»»

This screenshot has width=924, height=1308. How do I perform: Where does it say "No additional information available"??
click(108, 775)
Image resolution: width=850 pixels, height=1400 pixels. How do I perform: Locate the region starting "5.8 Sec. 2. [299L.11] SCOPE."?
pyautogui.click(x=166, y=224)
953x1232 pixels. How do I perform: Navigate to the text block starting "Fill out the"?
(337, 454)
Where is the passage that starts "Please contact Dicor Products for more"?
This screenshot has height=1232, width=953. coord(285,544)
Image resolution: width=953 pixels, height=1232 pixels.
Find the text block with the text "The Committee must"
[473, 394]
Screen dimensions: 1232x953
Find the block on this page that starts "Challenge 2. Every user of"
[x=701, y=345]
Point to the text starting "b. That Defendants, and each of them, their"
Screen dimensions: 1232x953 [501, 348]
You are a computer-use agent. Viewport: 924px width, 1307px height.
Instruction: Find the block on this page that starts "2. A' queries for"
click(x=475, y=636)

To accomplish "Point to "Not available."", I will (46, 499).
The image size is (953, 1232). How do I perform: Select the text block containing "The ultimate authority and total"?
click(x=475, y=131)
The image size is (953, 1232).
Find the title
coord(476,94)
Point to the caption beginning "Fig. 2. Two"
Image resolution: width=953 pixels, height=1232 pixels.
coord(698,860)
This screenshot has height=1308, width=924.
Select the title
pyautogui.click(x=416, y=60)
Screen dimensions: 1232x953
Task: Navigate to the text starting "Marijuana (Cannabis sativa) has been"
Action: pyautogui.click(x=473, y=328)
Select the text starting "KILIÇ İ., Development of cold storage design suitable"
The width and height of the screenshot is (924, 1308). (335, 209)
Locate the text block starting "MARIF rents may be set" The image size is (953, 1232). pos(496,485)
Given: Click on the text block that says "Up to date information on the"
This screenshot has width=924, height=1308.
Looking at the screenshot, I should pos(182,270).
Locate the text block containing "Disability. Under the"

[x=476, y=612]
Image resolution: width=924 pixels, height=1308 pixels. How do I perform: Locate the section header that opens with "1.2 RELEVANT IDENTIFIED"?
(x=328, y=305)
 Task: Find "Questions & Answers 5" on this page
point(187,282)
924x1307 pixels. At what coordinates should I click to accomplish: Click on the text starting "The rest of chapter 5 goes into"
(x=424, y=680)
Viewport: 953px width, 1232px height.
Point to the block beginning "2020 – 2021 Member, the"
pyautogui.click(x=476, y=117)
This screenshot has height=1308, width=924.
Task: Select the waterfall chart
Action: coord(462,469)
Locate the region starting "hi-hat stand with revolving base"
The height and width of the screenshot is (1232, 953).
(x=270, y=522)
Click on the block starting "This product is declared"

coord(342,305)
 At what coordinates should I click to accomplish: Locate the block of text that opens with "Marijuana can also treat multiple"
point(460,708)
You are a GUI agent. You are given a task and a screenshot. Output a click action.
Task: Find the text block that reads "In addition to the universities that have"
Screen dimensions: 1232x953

««

• [THE PROBLEM]
The required output is every line above that contains the string "agent".

• [ANSWER TO THIS PROBLEM]
You are a computer-use agent. Viewport: 924px width, 1307px height.
You are a GUI agent. You are given a task and a screenshot. Output a click action.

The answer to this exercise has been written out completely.